**Instructions for the task:** Exactly the line with "The image size is (958, 1232)." and the lines that follow it, through the closing line of the entries, should be restated, with nothing left out or added.

Saved data entries
○ ○ ○ ○

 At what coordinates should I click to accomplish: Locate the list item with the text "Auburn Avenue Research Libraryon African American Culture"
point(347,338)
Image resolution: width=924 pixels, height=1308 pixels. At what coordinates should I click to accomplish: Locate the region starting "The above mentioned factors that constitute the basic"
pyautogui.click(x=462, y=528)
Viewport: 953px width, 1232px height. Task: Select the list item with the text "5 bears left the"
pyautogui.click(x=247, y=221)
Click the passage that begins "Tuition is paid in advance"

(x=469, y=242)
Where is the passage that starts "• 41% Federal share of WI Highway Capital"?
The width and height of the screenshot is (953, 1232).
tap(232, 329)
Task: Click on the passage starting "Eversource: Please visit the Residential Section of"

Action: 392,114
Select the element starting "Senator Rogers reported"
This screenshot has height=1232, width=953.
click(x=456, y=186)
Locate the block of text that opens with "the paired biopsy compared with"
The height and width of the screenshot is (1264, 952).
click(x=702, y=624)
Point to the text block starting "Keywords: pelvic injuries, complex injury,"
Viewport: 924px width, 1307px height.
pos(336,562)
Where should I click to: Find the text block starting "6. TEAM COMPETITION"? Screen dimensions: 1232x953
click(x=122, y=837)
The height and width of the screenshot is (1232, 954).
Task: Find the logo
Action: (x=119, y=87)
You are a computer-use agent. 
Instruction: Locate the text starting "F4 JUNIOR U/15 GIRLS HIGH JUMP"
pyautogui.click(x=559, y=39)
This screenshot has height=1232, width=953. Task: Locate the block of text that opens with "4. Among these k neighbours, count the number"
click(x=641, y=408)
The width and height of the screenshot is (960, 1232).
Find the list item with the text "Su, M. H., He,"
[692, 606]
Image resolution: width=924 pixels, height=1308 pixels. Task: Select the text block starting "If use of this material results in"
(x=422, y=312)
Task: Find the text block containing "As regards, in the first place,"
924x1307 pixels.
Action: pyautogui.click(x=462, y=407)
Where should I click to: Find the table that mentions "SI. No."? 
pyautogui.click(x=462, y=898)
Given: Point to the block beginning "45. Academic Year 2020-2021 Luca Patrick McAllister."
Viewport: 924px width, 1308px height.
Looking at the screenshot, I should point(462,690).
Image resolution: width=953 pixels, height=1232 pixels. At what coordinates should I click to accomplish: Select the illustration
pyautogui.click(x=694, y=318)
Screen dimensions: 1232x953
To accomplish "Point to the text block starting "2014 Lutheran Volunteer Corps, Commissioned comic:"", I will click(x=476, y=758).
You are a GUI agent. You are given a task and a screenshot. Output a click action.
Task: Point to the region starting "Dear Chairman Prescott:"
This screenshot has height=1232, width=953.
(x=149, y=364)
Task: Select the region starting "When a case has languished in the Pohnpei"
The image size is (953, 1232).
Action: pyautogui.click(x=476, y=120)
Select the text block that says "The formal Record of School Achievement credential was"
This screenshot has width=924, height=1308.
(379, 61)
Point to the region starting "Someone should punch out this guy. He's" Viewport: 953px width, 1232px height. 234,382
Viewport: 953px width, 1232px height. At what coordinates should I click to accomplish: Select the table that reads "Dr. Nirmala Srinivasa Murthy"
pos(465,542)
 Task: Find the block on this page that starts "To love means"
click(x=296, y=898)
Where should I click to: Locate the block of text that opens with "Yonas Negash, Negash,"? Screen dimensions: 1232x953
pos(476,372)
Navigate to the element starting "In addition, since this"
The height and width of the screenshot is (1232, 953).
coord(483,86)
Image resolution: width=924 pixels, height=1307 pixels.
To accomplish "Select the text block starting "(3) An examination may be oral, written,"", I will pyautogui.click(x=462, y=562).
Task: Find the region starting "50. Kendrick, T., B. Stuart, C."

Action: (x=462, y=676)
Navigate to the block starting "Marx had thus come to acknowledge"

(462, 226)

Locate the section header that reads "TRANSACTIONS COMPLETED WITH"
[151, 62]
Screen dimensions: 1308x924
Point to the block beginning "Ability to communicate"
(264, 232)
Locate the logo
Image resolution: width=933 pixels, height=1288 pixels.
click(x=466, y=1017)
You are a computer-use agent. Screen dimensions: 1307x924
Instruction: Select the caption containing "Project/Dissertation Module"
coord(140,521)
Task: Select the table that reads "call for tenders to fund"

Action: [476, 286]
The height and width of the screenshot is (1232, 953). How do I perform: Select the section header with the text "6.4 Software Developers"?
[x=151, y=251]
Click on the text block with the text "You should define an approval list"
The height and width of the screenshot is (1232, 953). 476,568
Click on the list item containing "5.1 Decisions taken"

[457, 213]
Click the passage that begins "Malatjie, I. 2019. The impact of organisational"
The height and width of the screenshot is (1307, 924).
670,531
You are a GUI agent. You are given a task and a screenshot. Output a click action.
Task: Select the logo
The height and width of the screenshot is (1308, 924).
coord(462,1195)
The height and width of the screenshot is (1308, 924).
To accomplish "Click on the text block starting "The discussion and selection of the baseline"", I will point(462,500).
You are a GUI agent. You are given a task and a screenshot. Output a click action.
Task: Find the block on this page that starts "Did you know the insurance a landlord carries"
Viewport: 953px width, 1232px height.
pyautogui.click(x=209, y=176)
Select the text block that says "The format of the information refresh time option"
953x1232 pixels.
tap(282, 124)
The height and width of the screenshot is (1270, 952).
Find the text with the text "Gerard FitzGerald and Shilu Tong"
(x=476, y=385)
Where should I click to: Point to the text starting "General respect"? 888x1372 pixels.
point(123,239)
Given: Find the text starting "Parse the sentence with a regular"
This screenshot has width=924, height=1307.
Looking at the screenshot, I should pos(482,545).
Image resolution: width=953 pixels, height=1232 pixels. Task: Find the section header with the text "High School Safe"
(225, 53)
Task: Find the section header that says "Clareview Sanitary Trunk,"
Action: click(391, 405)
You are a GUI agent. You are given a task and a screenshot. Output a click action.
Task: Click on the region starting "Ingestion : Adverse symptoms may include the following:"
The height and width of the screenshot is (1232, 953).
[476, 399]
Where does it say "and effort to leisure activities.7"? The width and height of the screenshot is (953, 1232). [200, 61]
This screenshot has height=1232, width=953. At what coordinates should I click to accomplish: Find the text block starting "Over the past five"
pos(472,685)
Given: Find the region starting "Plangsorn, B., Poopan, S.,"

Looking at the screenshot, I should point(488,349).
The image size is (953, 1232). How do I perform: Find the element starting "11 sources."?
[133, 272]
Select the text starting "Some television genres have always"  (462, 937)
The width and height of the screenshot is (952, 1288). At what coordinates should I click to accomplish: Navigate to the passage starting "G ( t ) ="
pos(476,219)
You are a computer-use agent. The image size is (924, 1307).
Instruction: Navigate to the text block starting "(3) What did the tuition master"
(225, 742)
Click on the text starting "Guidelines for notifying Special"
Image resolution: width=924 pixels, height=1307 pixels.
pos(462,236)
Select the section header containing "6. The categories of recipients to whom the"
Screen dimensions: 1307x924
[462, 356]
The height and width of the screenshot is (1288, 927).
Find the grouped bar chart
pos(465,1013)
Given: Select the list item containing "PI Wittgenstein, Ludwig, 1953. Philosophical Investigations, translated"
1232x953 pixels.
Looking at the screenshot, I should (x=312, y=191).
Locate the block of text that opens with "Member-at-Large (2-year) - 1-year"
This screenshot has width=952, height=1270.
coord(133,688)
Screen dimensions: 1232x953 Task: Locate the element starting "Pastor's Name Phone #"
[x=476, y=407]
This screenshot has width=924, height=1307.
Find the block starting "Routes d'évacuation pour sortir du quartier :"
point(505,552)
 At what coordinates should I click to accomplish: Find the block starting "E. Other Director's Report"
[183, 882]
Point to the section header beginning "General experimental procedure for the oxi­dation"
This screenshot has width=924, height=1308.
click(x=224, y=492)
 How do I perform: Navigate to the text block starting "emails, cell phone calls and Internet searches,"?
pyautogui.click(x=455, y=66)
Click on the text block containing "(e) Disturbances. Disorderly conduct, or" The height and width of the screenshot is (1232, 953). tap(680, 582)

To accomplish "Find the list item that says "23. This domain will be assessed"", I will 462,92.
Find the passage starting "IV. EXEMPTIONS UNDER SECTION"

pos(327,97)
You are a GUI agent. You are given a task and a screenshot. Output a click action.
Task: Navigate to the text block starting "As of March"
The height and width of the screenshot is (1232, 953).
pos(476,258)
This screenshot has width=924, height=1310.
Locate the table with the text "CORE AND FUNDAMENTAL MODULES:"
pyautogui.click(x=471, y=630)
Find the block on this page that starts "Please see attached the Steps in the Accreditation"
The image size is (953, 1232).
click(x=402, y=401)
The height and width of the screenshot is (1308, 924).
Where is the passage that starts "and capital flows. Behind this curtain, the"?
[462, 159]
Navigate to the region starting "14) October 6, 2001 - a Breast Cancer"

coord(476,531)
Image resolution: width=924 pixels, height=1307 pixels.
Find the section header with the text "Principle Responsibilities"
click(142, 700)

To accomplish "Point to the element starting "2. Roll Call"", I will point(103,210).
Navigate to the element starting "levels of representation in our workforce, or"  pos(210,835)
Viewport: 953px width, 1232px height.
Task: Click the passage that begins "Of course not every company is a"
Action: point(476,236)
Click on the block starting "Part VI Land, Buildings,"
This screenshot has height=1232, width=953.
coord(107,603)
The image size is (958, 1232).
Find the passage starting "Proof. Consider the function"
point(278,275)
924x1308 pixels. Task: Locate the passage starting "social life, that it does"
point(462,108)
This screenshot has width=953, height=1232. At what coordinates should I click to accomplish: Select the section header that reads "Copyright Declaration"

○ ○ ○ ○

**Your solution:**
The image size is (958, 1232).
Find the passage starting "Proof. Consider the function"
point(278,275)
924x1308 pixels. Task: Locate the passage starting "social life, that it does"
point(462,108)
This screenshot has width=953, height=1232. At what coordinates should I click to accomplish: Select the section header that reads "Copyright Declaration"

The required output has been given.